El medio interior forma parte de los tejidos, mejor dicho, es inseparable de él. Sin los tejidos, los elementos anatómicos dejarían de existir. Todas las manifestaciones de la vida de los órganos y de los centros nerviosos, nuestros pensamientos, nuestros afectos, la crueldad, la fealdad y la belleza del Universo, su propia existencia, dependen del estado físico-químico de este medio. Se compone de la sangre que circula en las arterias y en las venas, y del líquido que filtra a través de !a pared de los vasos capilares en el interior de los tejidos y de los órganos. Hay un medio general, la sangre, y medios regionales constituidos por la linfa intersticial. Se puede comparar cada órgano a un recipiente completamente lleno de plantas acuáticas, y alimentado por un arroyuelo, El agua, casi estancada, análoga a la linfa que baña las células, se carga de los desechos de las plantas y de las sustancias químicas dejadas por éstas. Su grado de estagnación y de polución dependen de la rapidez y del volumen del arroyuelo.
Otro tanto ocurre con la linfa intersticial cuya composición está reglamentada por la plenitud de la arteria que nutre al órgano. En último análisis, es la sangre la que directa o indirectamente constituye el medio donde viven todas las células del cuerpo.

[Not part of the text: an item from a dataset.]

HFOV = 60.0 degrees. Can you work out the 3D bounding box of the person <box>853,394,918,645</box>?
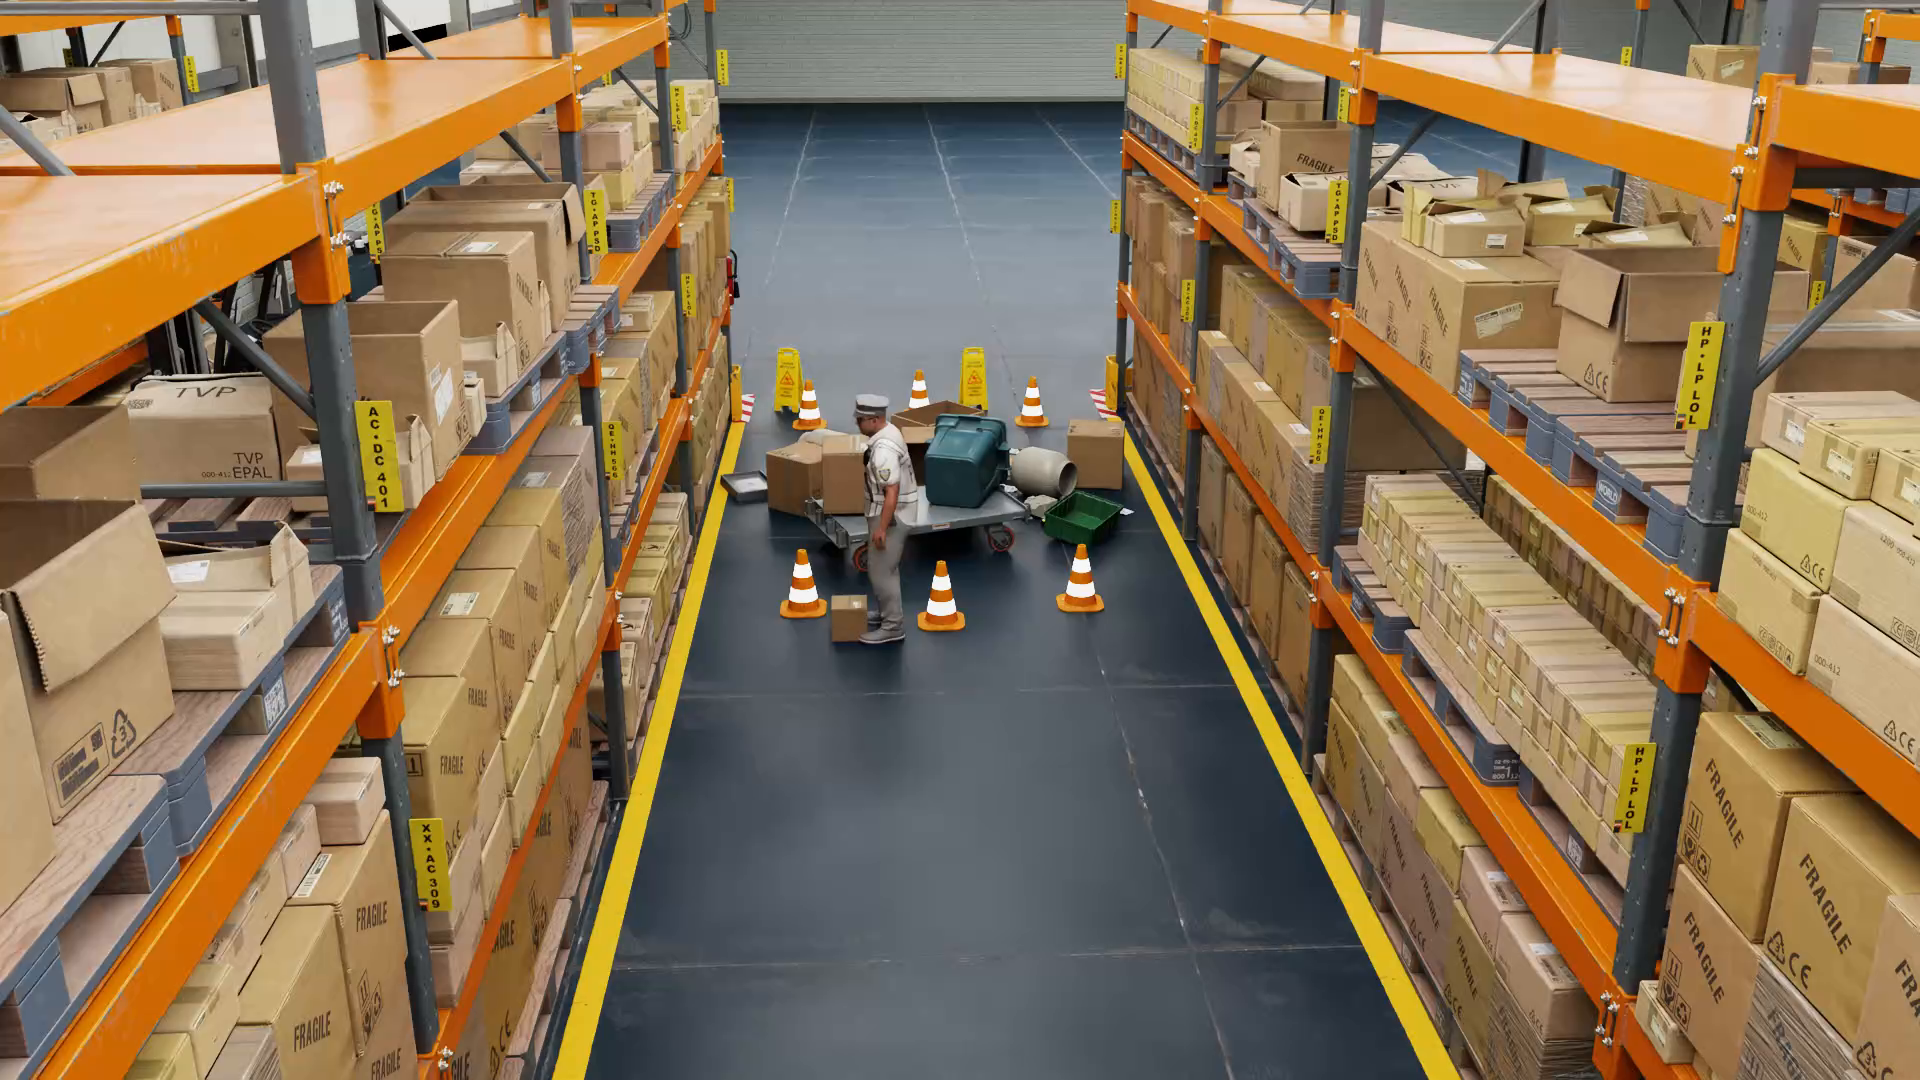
[{"bbox_3d":[-0.509,-0.158,11.494,0.435,1.748,0.590,-1,20,-4],"label":"person"}]

La sangre es un tejido, como todos los otros. Se compone de más o menos treinta mil millones de glóbulos rojos y cincuenta millones de glóbulos blancos. Pero estas célula s no están como las de los otros tejidos inmovilizadas por una armadura, y suspendidas en un líquido viscoso, el plasma. La sangre es un tejido en movimiento que se insinúa en todas las partes del cuerpo. Lleva a cada célula el alimento del cual tiene necesidad. Al mismo tiempo sirve de alcantarilla colectora de residuos de los tejidos inútiles. Pero contiene también sustancias químicas y células capaces de operar reconstrucciones orgánicas en las regiones del cuerpo donde hacen falta. Durante este acto extraño, se comporta como un torrente, que, con ayuda del cieno y de los troncos de árboles que acarrea, se empeñase en reparar las casas situadas en su ribera.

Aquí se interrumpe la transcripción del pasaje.